If the imbroglio were about a young African-American man accused of a capital crime, would anyone defend the nation's top law enforcement officials announcing in advance that the suspect is guilty and will get the death sentence, and if a jury acquits the government will find other ways to hold him indefinitely? Do the presumption of innocence, settled rules, and binding outcomes only apply where the government acquiesces?
The issue here isn't one that should divide liberals and conservatives. No lawyer should find it acceptable to have a sham legal system with different, unwritten rules for the few defendants our top officials consider to be really bad. That is not how law is taught at any law school I know-not at Columbia (where Mr. Holder studied), at Boston University (where I was dean), or at Harvard (on the far left bank of the Charles River, where President Obama received his training). It is not how we want others to see our legal system or how we want it to be.
Critics of the Bush administration's handling of terror cases complained its procedures for trying enemy combatants tilted the playing field too much toward the government.
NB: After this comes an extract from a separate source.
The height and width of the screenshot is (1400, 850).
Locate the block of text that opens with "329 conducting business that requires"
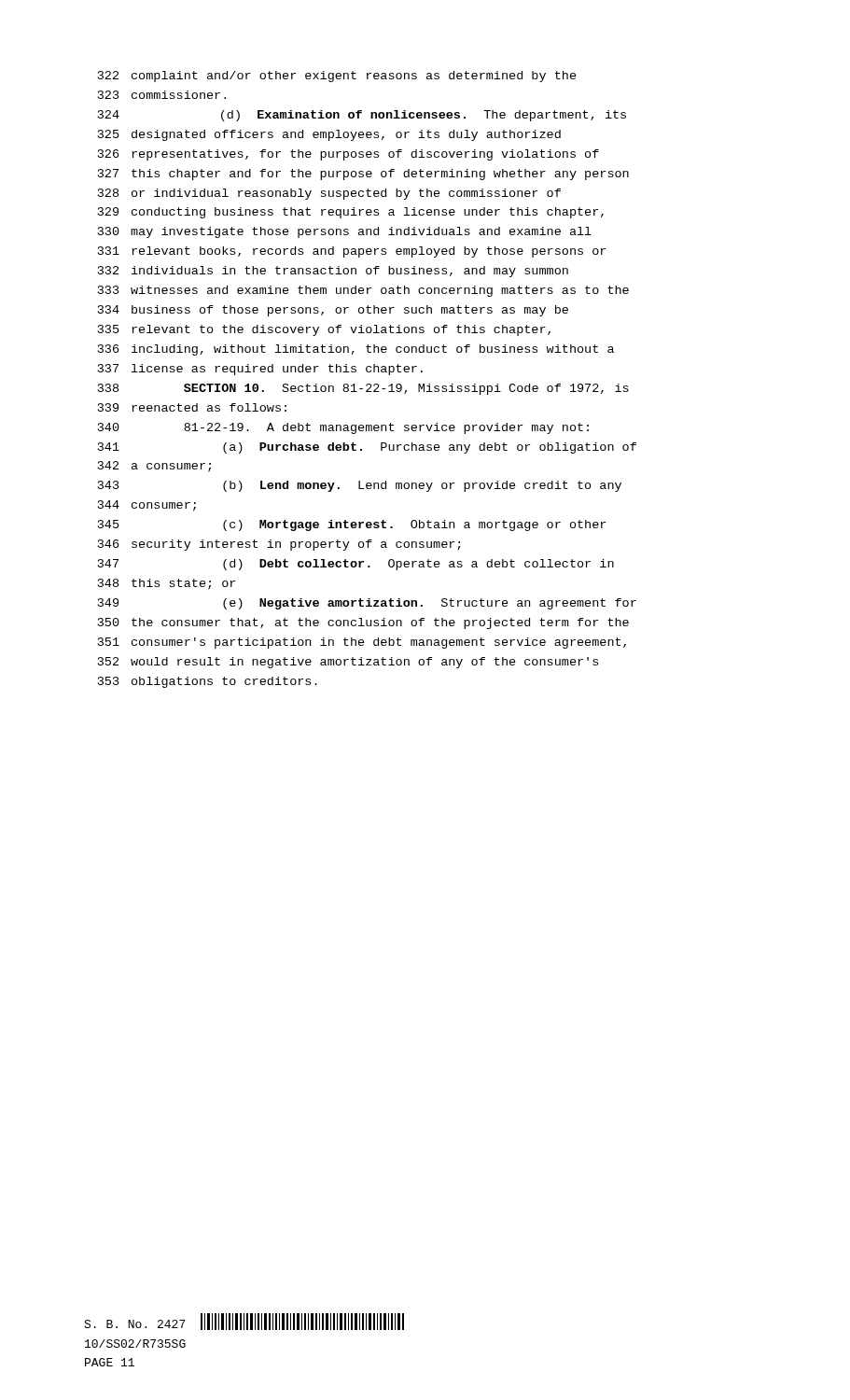point(430,214)

Fair process here, the claim went, will inspire fair process for Americans tried elsewhere. If there is sense to that contention, it has considerably less bite in the context of military commissions than trials in civilian courts, where process distortions are more evident and strains needed to accommodate military and national security concerns more pronounced.
A trial in our system isn't ever totally predictable. A judge might decide the defendant cannot get a fair trial after so many public pronouncements of his guilt by our highest ranking legal and political officials; or rules limiting admissible evidence (because of how it was gathered or because the government is unwilling to disclose confidential information) might exclude too much of the government's case.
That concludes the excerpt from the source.